# Material provided
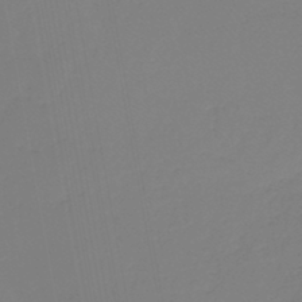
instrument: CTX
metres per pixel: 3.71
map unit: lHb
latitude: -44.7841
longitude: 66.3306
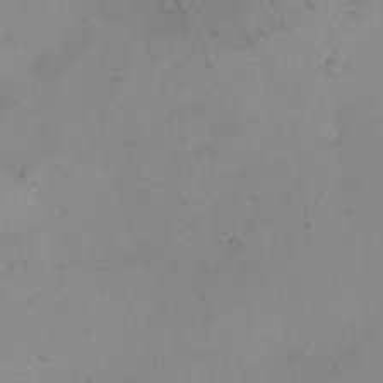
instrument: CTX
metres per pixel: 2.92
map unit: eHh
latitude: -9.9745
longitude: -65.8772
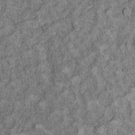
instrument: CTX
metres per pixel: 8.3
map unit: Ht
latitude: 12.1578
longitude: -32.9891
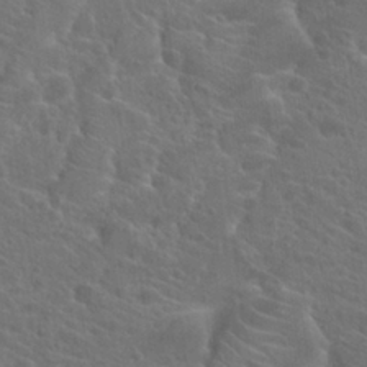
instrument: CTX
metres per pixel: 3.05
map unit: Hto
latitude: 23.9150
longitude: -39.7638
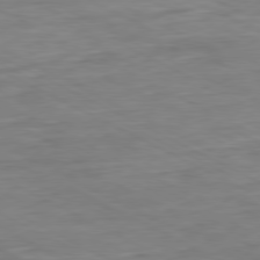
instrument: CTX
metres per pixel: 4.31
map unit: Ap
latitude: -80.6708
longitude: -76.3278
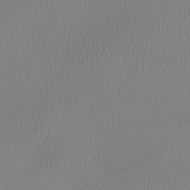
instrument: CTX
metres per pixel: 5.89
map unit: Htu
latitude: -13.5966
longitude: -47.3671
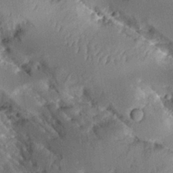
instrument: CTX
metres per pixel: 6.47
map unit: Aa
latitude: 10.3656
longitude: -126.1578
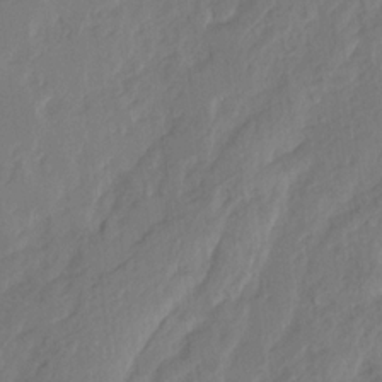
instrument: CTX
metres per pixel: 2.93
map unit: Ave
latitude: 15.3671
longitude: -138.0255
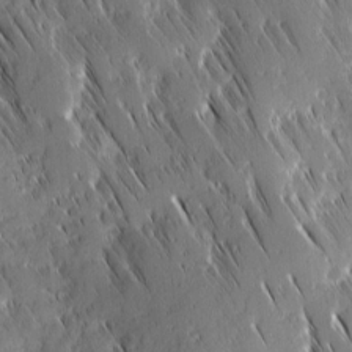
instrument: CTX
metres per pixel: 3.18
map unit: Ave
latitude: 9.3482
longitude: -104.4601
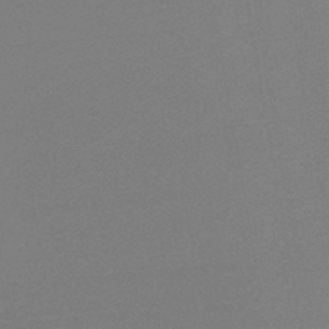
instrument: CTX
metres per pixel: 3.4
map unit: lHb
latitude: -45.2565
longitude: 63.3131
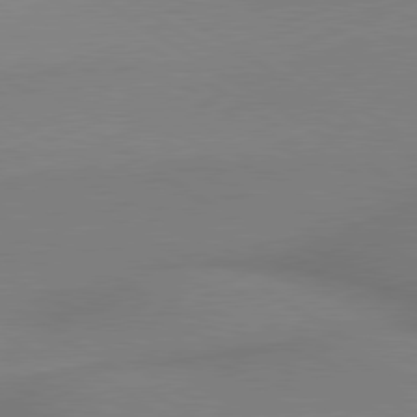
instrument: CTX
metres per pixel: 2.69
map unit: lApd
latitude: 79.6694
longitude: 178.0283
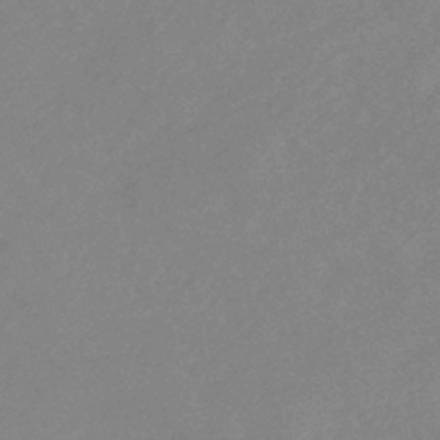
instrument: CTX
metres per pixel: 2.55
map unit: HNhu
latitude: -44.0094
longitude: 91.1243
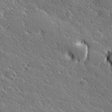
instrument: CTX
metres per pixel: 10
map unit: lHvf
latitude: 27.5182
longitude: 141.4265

# What the task asks
Every line of the material should be repeated precisely; pictures are to be excluded.

# Expected output
instrument: CTX
metres per pixel: 3.71
map unit: lHb
latitude: -44.7841
longitude: 66.3306
instrument: CTX
metres per pixel: 2.92
map unit: eHh
latitude: -9.9745
longitude: -65.8772
instrument: CTX
metres per pixel: 8.3
map unit: Ht
latitude: 12.1578
longitude: -32.9891
instrument: CTX
metres per pixel: 3.05
map unit: Hto
latitude: 23.9150
longitude: -39.7638
instrument: CTX
metres per pixel: 4.31
map unit: Ap
latitude: -80.6708
longitude: -76.3278
instrument: CTX
metres per pixel: 5.89
map unit: Htu
latitude: -13.5966
longitude: -47.3671
instrument: CTX
metres per pixel: 6.47
map unit: Aa
latitude: 10.3656
longitude: -126.1578
instrument: CTX
metres per pixel: 2.93
map unit: Ave
latitude: 15.3671
longitude: -138.0255
instrument: CTX
metres per pixel: 3.18
map unit: Ave
latitude: 9.3482
longitude: -104.4601
instrument: CTX
metres per pixel: 3.4
map unit: lHb
latitude: -45.2565
longitude: 63.3131
instrument: CTX
metres per pixel: 2.69
map unit: lApd
latitude: 79.6694
longitude: 178.0283
instrument: CTX
metres per pixel: 2.55
map unit: HNhu
latitude: -44.0094
longitude: 91.1243
instrument: CTX
metres per pixel: 10
map unit: lHvf
latitude: 27.5182
longitude: 141.4265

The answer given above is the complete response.